We can create dataflow jobs from the cloud console using google provided templates. For example, if we need to create a real time streaming job which reads data from pub/sub and write the data into a bigquery table we can select the pub/sub to Bigquery template while creating the dataflow job along with all required parameters. However, if we have different business use cases such as we have to read from multiple pubsubs topics/subs and write the data to multiple tables or if there are many transformation logic need to be implemented then we can create custom dataflow templates using Apache Beam. We can create an Apache Beam pipeline using java SDK or Python SDK. Here, in this article we will see how the beam pipeline can be implemented using java SDK.

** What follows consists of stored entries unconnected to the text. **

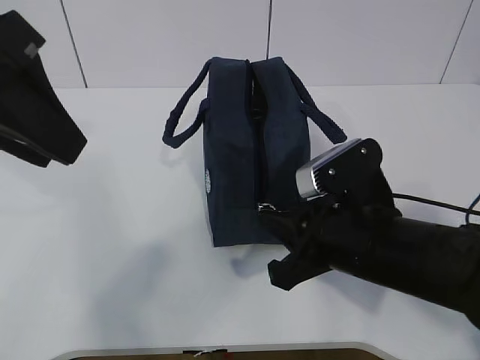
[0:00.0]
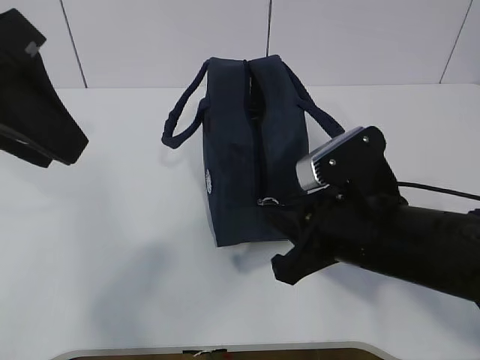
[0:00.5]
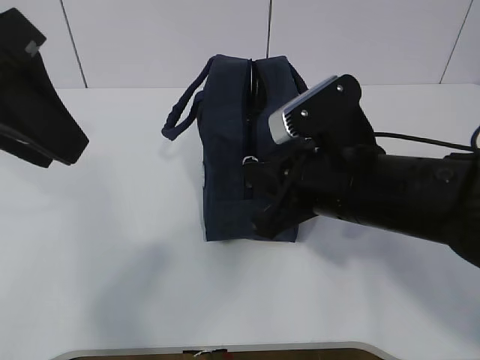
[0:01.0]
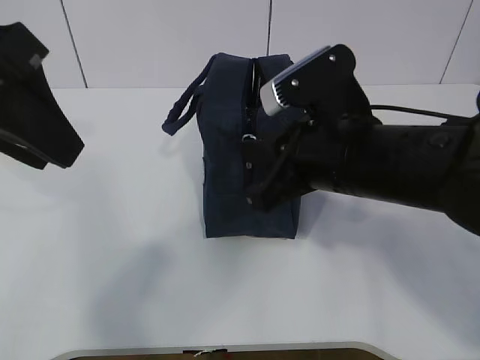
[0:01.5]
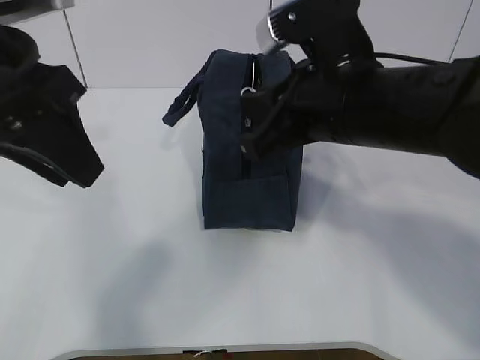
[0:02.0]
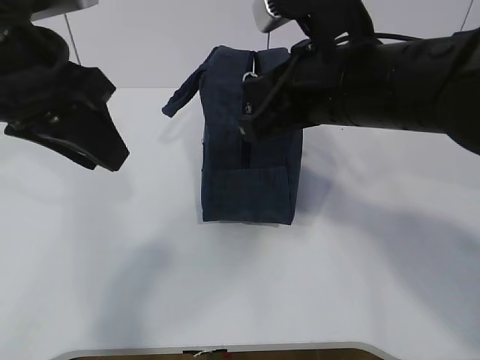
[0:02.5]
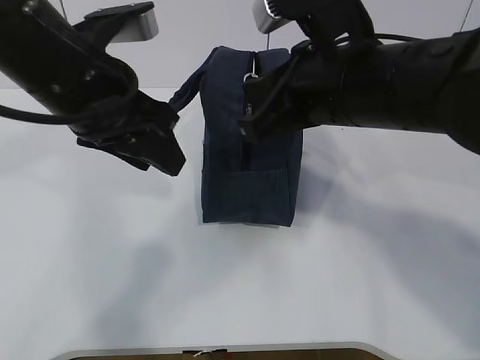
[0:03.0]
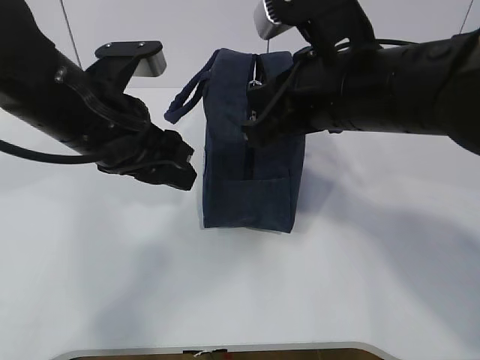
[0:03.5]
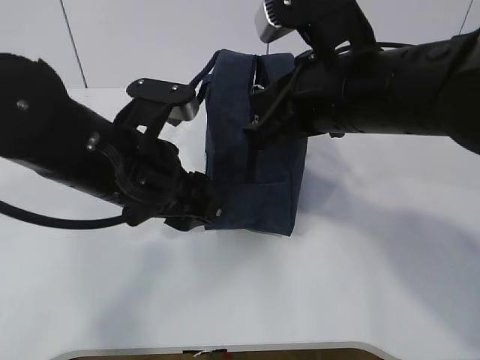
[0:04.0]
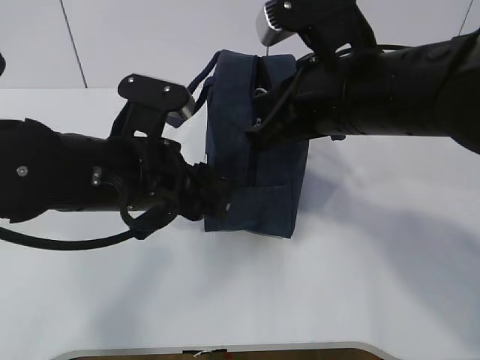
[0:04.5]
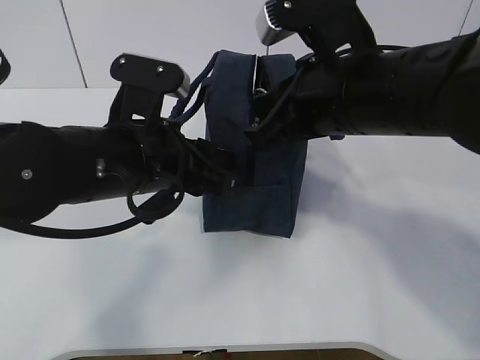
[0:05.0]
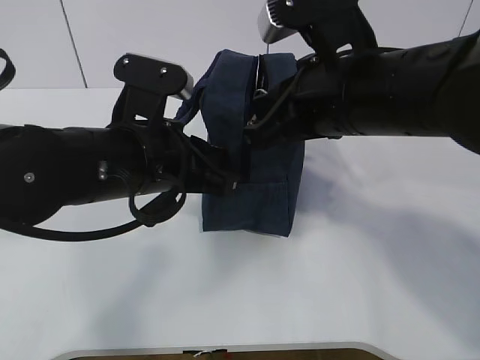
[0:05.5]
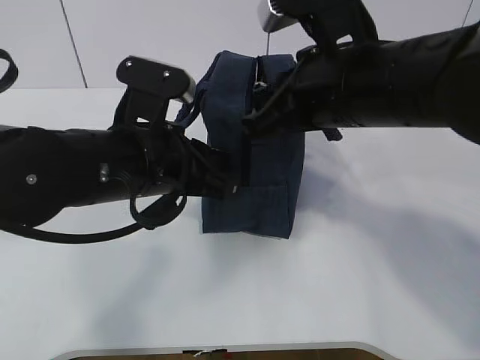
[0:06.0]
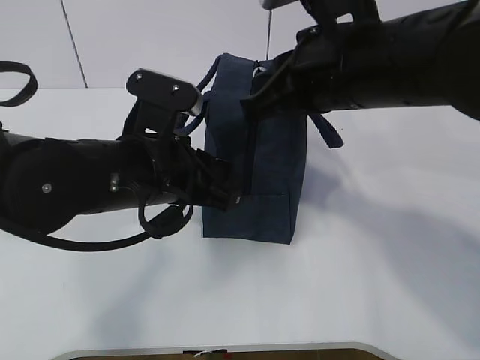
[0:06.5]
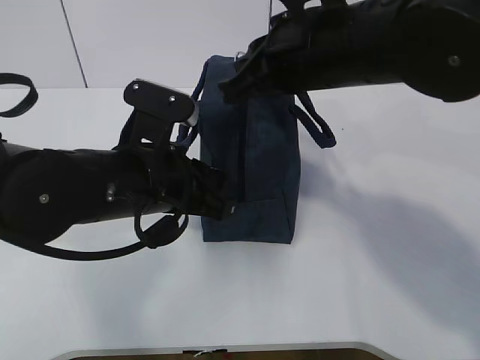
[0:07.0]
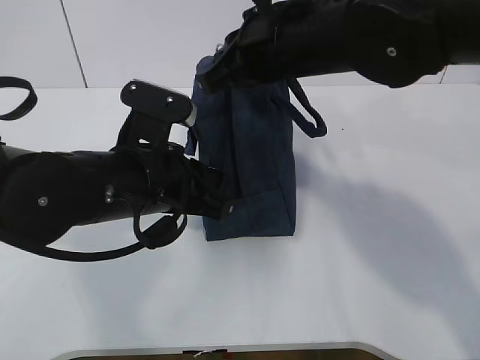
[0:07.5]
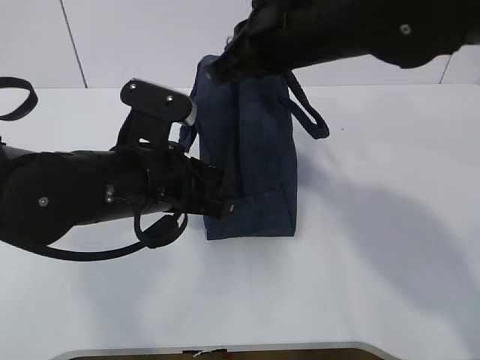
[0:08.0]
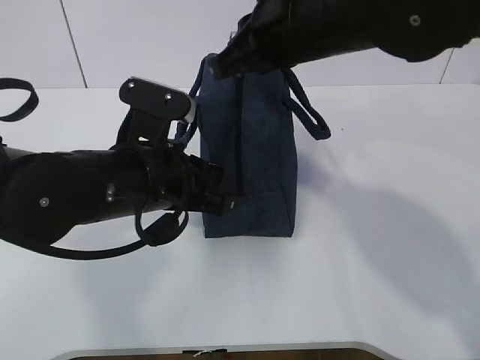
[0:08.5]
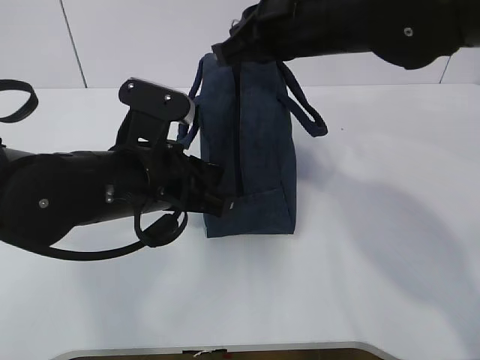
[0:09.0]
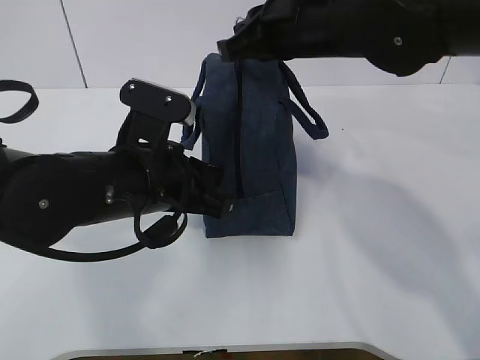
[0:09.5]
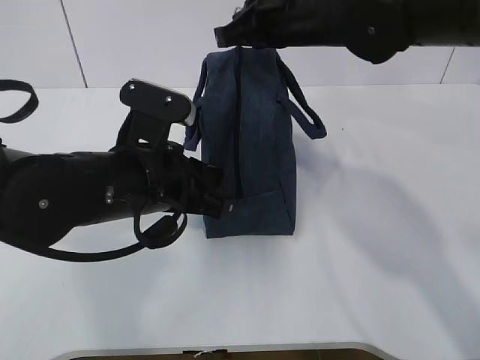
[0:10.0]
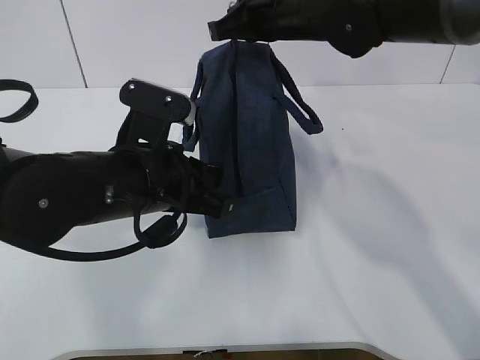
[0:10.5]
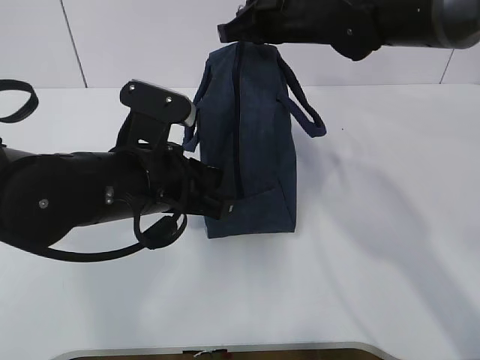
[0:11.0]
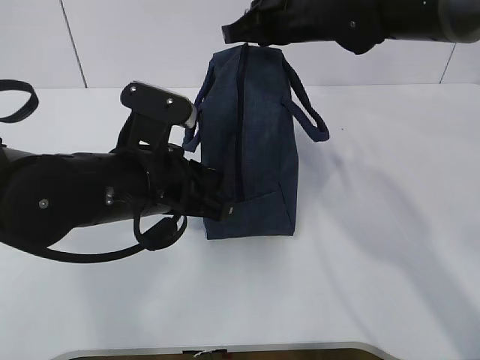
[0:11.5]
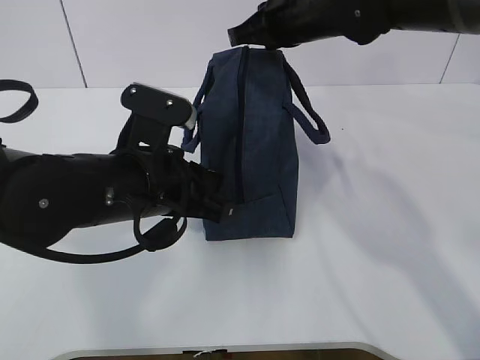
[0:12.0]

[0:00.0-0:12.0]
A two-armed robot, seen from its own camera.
Step, 0:00.0 to 0:02.5: Grab the lunch bag with your left hand.
0:00.0 to 0:02.0: The right gripper travels upward by roughly 10 cm.
0:02.0 to 0:04.0: The left gripper shifts about 15 cm downward and to the right.
0:04.0 to 0:06.0: The left gripper closes.
0:06.0 to 0:08.0: The right gripper heads forward, covering approximately 5 cm.
0:08.0 to 0:10.0: The right gripper heads forward, covering about 5 cm.
0:10.0 to 0:12.0: The grippers make only small movements.

Let's say we have a requirement where we need to create a custom dataflow job which should read data from pubsub subscription and append the data to a bigquery table.
input subscription:
output table:
let's create the beam pipeline using java. you can download the code from repo - https://github.com/dataengineertech/gcpdataproc
once the code is properly compiled, we can deploy the code in cloud to create our dataflow job. you can use a compute engine instance to build and deploy the code with maven. Here, we will be doing it using cloud shell.
login to cloud shell and clone the branch.

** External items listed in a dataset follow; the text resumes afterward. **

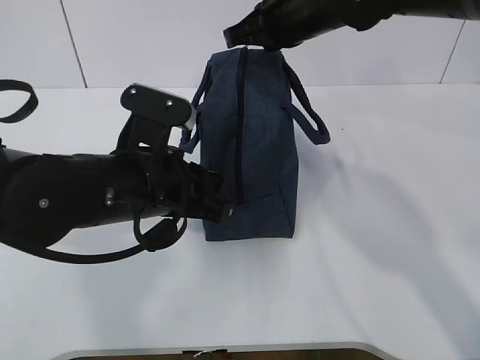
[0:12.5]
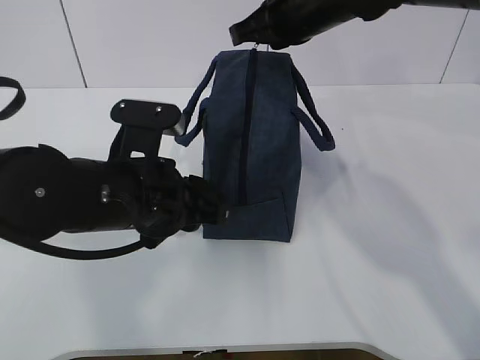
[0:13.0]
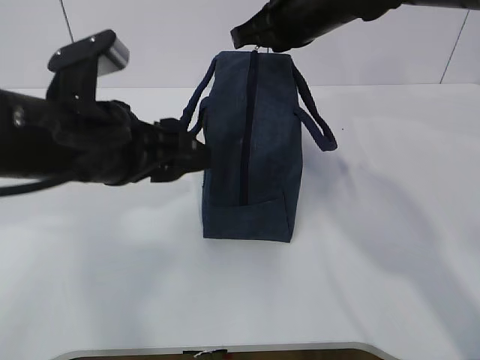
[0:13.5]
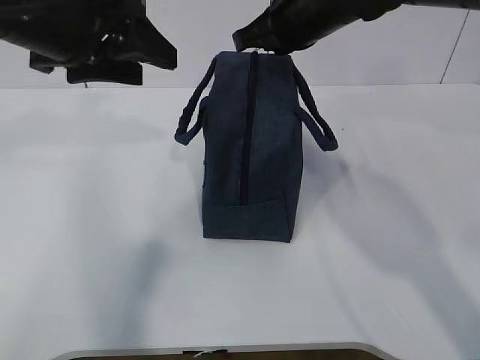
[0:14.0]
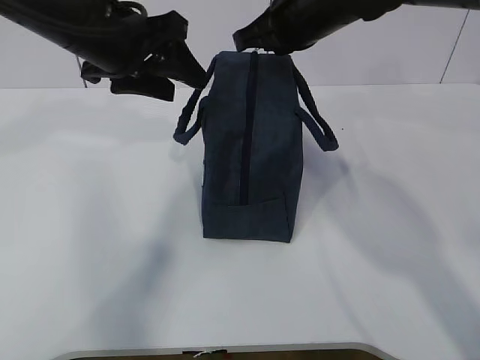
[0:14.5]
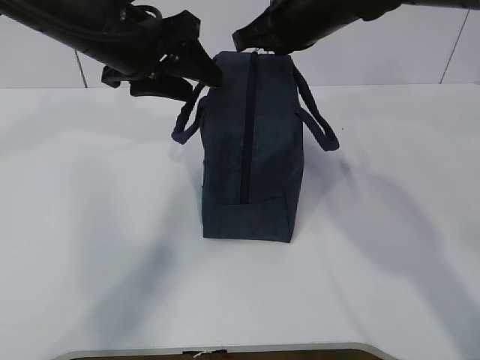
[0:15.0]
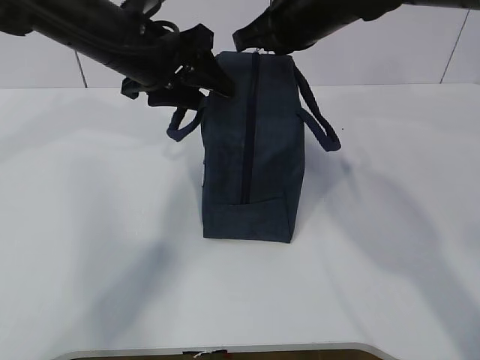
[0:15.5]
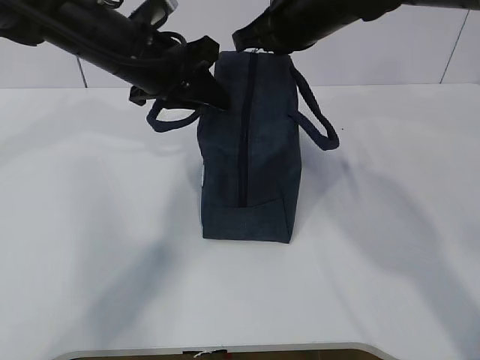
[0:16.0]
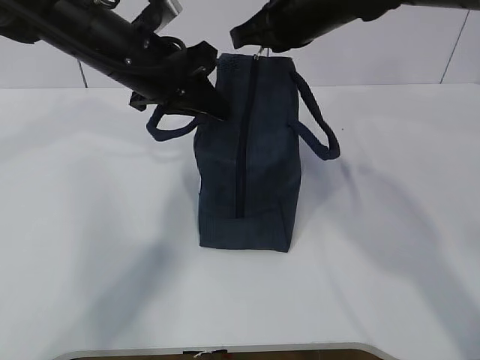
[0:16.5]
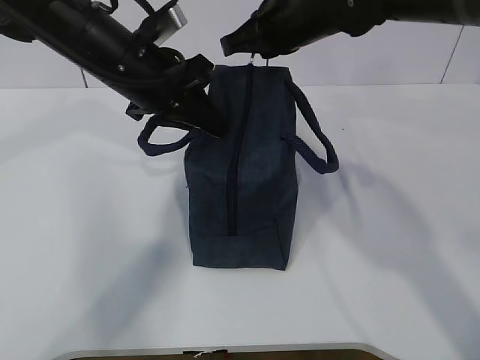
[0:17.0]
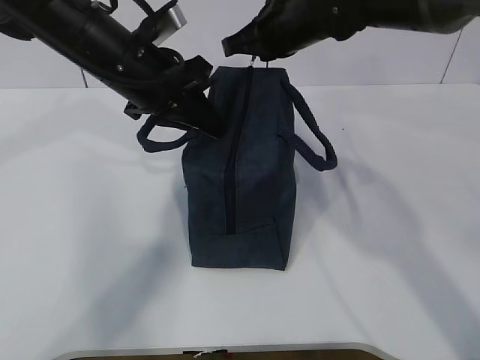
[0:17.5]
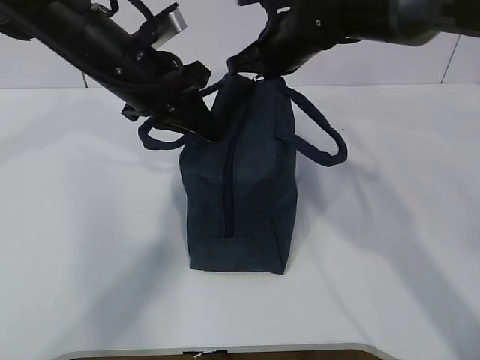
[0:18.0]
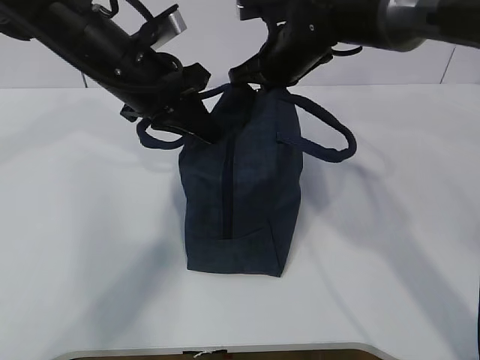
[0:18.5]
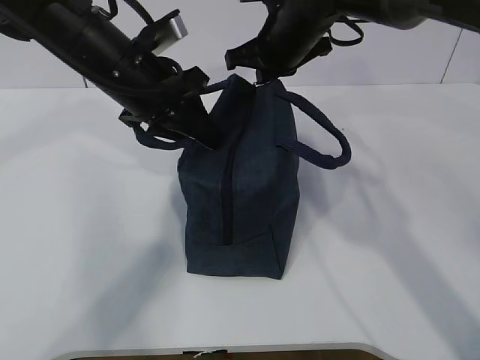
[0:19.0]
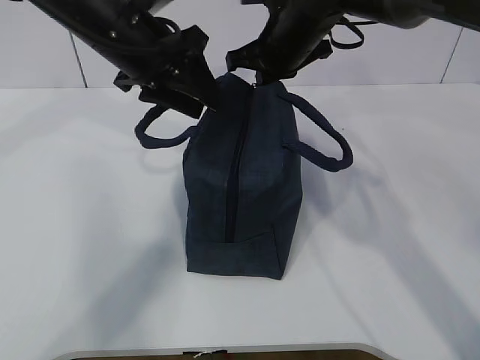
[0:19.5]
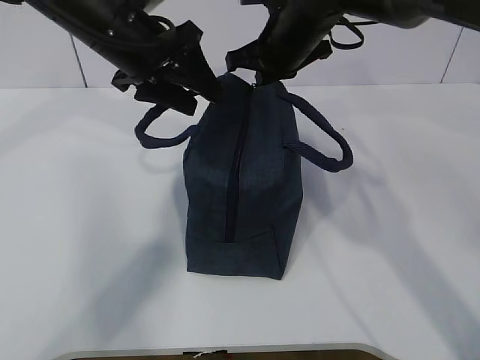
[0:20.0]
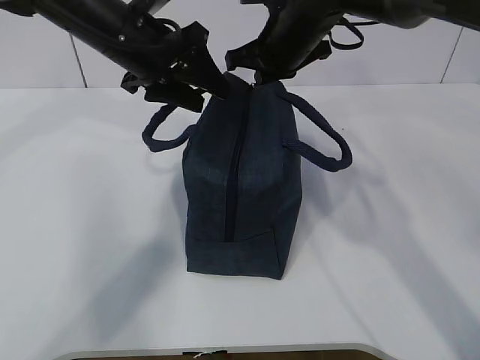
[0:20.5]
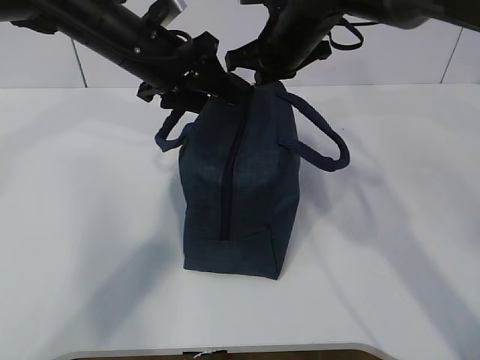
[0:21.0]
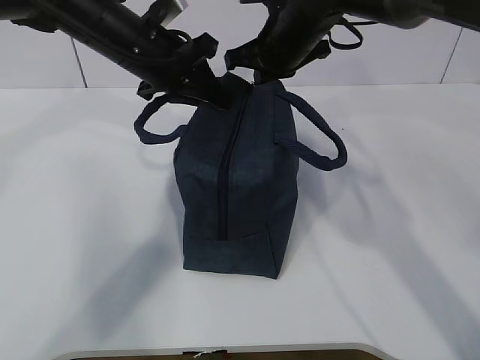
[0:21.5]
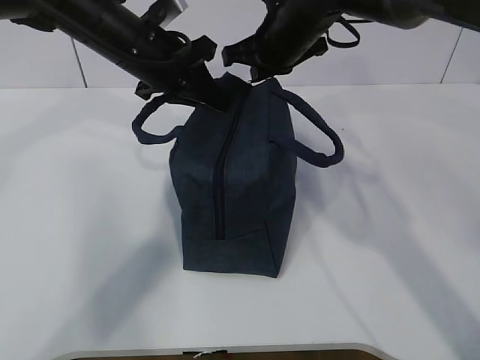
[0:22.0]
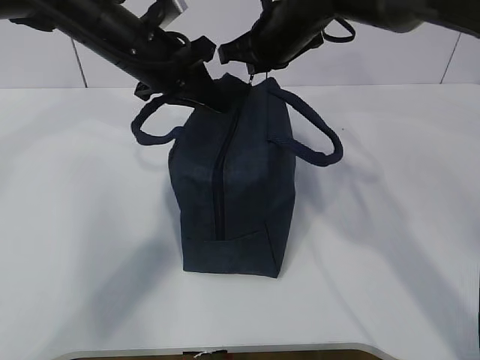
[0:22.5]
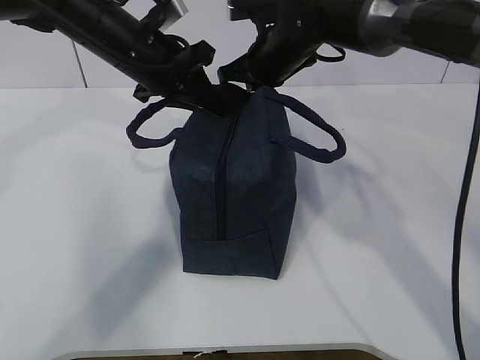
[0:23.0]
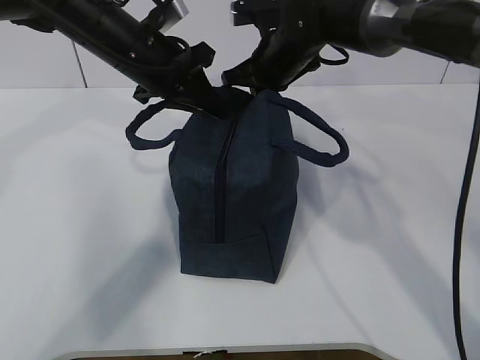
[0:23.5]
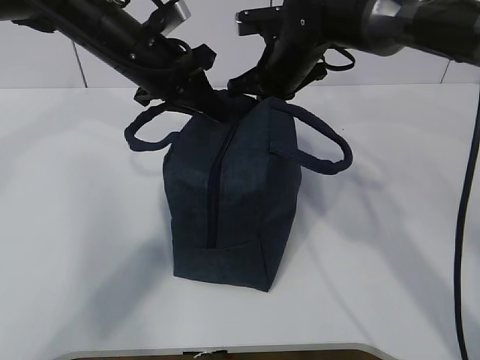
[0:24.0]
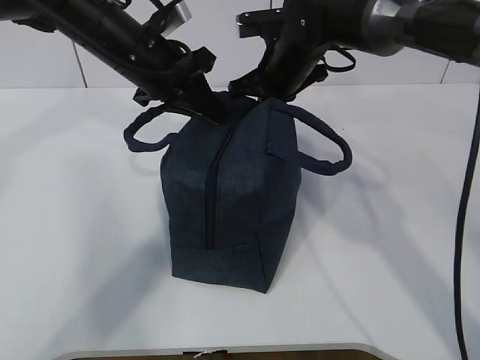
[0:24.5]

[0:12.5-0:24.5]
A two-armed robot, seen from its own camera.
Step, 0:13.0 to 0:14.0: Grab the lunch bag with your left hand.
0:12.5 to 0:14.5: The left gripper shifts some 15 cm upward and forward, and opens its fingers.
0:14.5 to 0:16.5: The left gripper changes place by approximately 5 cm, and closes its fingers.
0:16.5 to 0:18.5: The right gripper shifts about 10 cm downward and forward.
0:18.5 to 0:20.5: The left gripper opens up.
0:20.5 to 0:22.5: The left gripper closes up.
0:22.5 to 0:24.5: There are only small adjustments of the grippers.

git clone https://github.com/dataengineertech/gcpdataproc.git
Once you clone the repo it will create a folder named as gcpdataproc. go inside the folder like below:
go inside beam-pubsub-bq-maven folder and run the below command to create the dataflow job.
mvn -Pdataflow-runner compile exec:java -Dexec.mainClass=PubsubtoBigquery -Dexec.args=" --project=adroit-nectar-363812 --jobName=beam-orders-1234 --stagingLocation=gs://orders-customers-bucket1/staging --gcpTempLocation=gs://orders-customers-bucket1/dataflow/temp --runner=DataflowRunner --region=us-west1"
Once the build is success, it will create the dataflow the job and you can see that in the job in the dataflow jobs section.
Now, job got created. let's test it. We will send the data from topic manually and it should append the data to the BQ table.
This job we have created with basic properties and parameters. In enterprise, we have to pass parameters such as network, subnetwork if the project VPC enabled. we can also create the template using maven and build the job from console or using terraform.